Именно тот незнакомец, сам того не ведая, помешал мне покончить с собой этой ночью. Я стоял у перил, когда он подошел сзади, не знаю, с какой стороны, и заговорил со мной. Он оказался англичанином.

— Прекрасная ночь, — сказал он, облокотившись на перила, почти касаясь моей правой руки.

— Прекрасная, — ответил я холодно.

Я подумал: прекрасная ночь для того, чтобы распрощаться с мошенниками, с постулатами, утратившими определенность, с идеалами, в которых таится предательство, с миром, где не осталось места ничему человеческому, с историей, которая не совершенствует душу, а толкает ее к разрушению!


Незнакомец не был задет моим дурным настроением. Он продолжал: «Небо так близко к морю, что трудно сказать, кто из них в ком отражается, кто в ком нуждается, и кто над кем властвует».

— Действительно, — все так же угрюмо ответил я.

Он умолк на миг.
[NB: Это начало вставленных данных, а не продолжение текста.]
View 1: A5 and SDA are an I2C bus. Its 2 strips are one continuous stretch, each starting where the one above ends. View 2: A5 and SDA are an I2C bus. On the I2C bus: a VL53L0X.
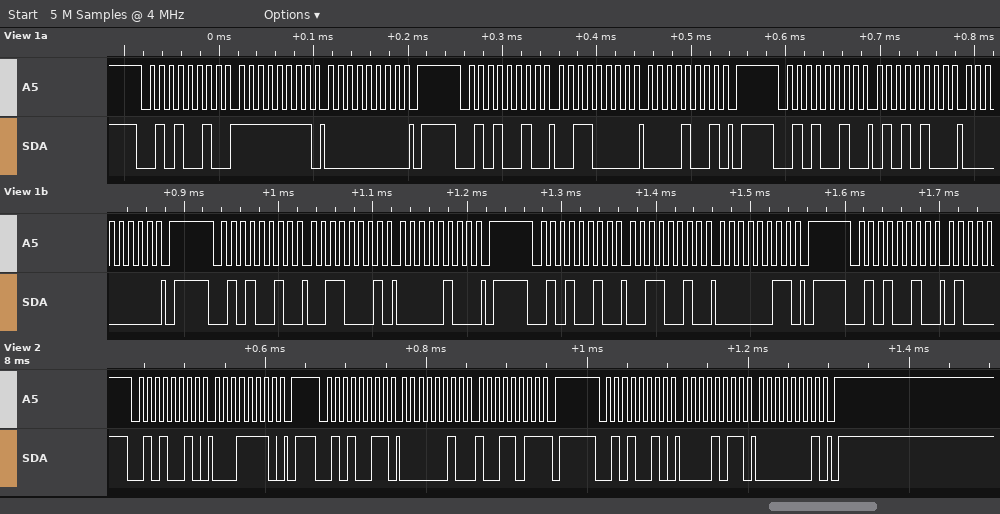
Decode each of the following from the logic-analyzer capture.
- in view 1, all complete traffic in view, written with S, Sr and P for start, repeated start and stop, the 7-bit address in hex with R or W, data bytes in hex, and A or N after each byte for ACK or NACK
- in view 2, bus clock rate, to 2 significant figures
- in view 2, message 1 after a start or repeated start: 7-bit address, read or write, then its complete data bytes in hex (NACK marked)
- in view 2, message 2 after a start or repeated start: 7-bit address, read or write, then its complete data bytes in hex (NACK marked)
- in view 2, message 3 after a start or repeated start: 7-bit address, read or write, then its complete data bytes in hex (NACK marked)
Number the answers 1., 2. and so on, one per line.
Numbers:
1. S 29W A FF A 00 A P S 29W A 30 A 09 A P S 29W A 54 A 00 A P S 29W A 31 A 04 A P S 29W A 32 A 03 A P S 29W A
2. 100 kHz
3. 0x29 write: 1E
4. 0x29 read: 02 9B NACK
5. 0x29 write: 0B 01
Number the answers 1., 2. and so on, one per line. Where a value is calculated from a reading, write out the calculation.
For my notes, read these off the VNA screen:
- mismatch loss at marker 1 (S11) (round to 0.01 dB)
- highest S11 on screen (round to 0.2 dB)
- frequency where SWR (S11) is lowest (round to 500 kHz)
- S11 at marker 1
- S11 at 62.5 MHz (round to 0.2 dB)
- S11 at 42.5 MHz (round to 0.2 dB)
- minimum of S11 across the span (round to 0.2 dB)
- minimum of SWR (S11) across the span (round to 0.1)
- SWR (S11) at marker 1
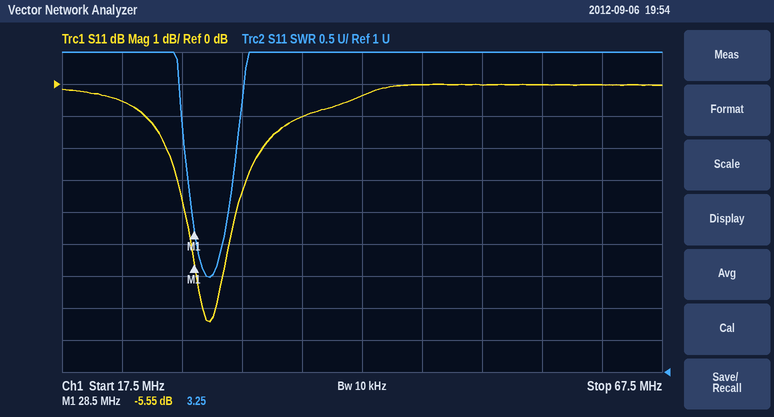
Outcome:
1. −10 log10(1 − 10^(-5.55/10)) ≈ 1.42 dB
2. 0.0 dB
3. 30.0 MHz
4. -5.55 dB
5. 0.0 dB
6. -0.4 dB
7. -7.4 dB
8. 2.5
9. 3.25
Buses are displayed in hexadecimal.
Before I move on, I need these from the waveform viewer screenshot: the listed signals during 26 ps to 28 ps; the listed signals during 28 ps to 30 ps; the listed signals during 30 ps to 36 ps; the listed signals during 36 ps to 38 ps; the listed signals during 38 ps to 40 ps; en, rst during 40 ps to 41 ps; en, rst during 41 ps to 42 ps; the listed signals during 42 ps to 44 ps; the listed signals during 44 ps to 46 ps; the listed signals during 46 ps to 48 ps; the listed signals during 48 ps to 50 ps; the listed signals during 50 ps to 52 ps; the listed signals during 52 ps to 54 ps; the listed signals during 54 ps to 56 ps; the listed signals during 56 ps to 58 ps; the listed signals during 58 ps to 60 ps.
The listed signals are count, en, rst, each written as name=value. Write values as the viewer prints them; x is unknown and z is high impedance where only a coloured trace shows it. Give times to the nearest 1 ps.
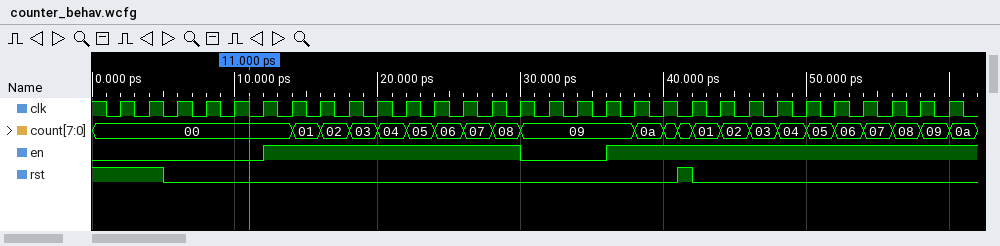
count=07, en=1, rst=0
count=08, en=1, rst=0
count=09, en=0, rst=0
count=09, en=1, rst=0
count=0a, en=1, rst=0
en=1, rst=0
en=1, rst=1
count=01, en=1, rst=0
count=02, en=1, rst=0
count=03, en=1, rst=0
count=04, en=1, rst=0
count=05, en=1, rst=0
count=06, en=1, rst=0
count=07, en=1, rst=0
count=08, en=1, rst=0
count=09, en=1, rst=0
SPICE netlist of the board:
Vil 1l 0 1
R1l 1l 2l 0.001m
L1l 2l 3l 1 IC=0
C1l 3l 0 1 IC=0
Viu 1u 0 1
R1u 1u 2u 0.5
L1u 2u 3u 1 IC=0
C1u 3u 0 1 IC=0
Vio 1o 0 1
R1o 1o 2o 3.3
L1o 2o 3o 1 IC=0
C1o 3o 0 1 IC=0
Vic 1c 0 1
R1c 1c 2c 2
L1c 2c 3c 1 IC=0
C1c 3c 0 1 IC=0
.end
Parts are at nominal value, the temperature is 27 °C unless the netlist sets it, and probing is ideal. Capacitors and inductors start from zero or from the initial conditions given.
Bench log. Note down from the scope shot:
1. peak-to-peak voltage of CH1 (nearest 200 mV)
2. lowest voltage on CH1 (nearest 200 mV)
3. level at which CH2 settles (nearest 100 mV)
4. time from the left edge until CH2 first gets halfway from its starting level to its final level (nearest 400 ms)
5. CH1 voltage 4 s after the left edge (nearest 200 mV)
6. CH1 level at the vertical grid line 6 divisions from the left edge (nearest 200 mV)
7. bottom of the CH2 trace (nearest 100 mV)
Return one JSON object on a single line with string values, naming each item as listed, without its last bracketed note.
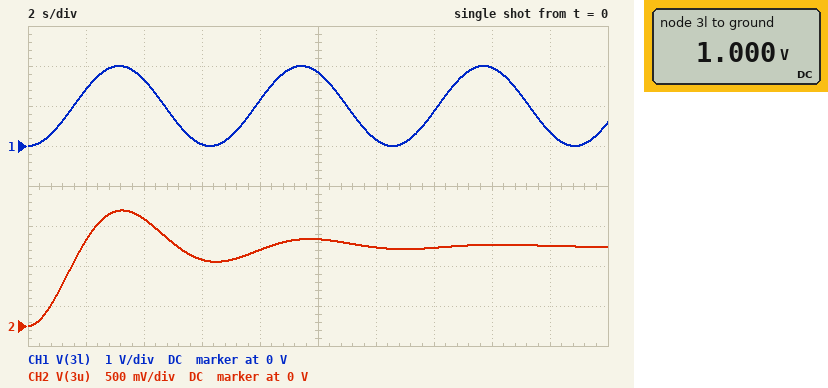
{"peak-to-peak voltage of CH1": "2.0 V", "lowest voltage on CH1": "0 V", "level at which CH2 settles": "1.0 V", "time from the left edge until CH2 first gets halfway from its starting level to its final level": "1.2 s", "CH1 voltage 4 s after the left edge": "1.6 V", "CH1 level at the vertical grid line 6 divisions from the left edge": "200 mV", "bottom of the CH2 trace": "0 V"}
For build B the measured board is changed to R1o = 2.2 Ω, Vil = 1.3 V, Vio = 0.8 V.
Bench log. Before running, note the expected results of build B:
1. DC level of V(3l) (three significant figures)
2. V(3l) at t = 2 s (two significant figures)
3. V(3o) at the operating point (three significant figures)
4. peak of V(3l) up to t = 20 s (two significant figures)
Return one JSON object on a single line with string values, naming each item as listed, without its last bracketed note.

{"DC level of V(3l)": "1.30 V", "V(3l) at t = 2 s": "1.8 V", "V(3o) at the operating point": "800 mV", "peak of V(3l) up to t = 20 s": "2.6 V"}
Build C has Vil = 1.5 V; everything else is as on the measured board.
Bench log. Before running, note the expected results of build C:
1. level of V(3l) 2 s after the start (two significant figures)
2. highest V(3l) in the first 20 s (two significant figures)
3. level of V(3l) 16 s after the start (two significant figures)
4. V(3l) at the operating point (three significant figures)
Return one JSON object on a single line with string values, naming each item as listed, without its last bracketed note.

{"level of V(3l) 2 s after the start": "2.1 V", "highest V(3l) in the first 20 s": "3.0 V", "level of V(3l) 16 s after the start": "2.9 V", "V(3l) at the operating point": "1.50 V"}
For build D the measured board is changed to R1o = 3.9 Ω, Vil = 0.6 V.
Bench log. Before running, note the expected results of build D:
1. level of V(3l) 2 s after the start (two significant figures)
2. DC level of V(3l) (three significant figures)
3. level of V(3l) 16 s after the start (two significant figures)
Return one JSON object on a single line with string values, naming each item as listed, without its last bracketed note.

{"level of V(3l) 2 s after the start": "850 mV", "DC level of V(3l)": "600 mV", "level of V(3l) 16 s after the start": "1.2 V"}
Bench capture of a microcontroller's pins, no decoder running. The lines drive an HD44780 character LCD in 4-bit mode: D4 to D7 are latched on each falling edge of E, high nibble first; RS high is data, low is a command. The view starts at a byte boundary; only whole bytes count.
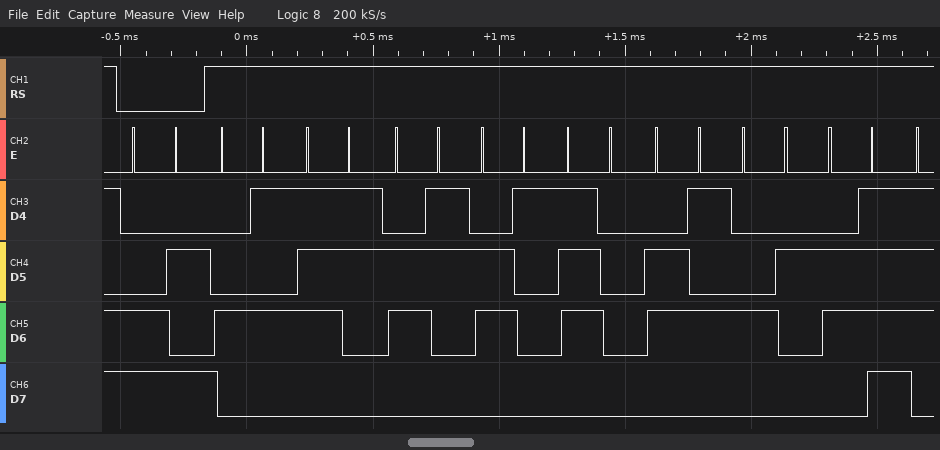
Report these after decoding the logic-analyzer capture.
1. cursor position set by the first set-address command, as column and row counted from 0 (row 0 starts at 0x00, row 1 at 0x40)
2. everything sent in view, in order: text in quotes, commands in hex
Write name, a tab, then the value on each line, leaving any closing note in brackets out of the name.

cursor position set by the first set-address command, as column and row counted from 0	column 10, row 1
everything sent in view, in order: text in quotes, commands in hex	0xCA "EscapeBo"
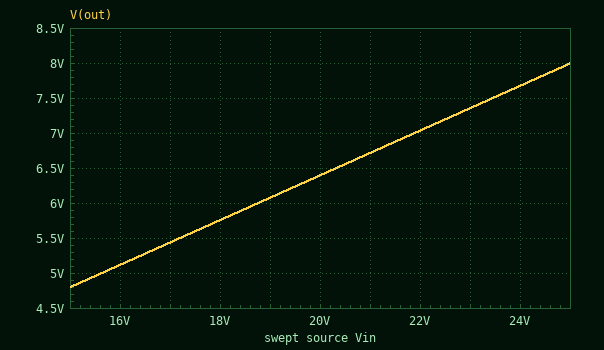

Я видел его профиль — тонкий, острый, благородный.

— Если бы море и небо начали войну, — продолжал он, — я бы, наверное, принял сторону моря. Небо вдохновляет только художников, но не музыкантов. Море же… Тебе не кажется, что море приближается к человеку в музыке?

— Может быть, — буркнул я враждебно.

Он снова умолк, как бы размышляя, не оставить ли меня в покое. Он решил не отступать.

— Сигарету? — предложил он, вытаскивая пачку.

— Спасибо, я не хочу курить.

Он закурил и бросил спичку за борт: падучую звездочку поглотила темнота.